Collect every line in the records below that contains the word "less".

### STUDY MATERIAL

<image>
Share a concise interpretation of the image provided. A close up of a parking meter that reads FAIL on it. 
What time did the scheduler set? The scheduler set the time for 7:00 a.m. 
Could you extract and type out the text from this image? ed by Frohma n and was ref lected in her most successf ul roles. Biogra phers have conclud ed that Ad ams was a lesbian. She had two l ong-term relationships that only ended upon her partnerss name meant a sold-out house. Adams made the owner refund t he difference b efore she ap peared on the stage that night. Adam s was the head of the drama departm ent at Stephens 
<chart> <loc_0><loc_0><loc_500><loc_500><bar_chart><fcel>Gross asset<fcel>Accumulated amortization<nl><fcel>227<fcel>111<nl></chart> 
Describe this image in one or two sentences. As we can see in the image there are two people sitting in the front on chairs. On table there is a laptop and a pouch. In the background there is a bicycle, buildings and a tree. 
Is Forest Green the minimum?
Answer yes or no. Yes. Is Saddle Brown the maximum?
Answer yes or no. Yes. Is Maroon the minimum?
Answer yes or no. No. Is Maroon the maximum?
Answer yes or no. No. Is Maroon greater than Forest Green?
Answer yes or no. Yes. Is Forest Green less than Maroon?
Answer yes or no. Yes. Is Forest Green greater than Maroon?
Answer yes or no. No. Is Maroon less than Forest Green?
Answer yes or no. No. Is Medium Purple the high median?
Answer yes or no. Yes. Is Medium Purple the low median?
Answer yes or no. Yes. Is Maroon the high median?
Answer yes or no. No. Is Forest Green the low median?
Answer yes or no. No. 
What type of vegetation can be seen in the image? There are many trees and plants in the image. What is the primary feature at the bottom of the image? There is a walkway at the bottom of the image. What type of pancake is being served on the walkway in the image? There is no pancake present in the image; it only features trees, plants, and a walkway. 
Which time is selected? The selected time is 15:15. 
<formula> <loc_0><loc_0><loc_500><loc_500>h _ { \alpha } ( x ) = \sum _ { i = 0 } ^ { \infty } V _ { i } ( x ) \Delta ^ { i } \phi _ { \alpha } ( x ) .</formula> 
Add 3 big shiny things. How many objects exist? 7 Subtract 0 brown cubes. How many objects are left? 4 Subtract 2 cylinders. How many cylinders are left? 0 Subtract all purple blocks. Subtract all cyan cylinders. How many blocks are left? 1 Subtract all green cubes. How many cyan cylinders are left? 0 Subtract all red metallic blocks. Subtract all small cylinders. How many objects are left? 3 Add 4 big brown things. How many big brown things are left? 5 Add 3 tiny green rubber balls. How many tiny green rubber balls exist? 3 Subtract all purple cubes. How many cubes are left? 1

######

RESULT OF THIS TASK:
Answer yes or no. Yes. Is Forest Green less than Maroon?
Answer yes or no. No. Is Maroon less than Forest Green?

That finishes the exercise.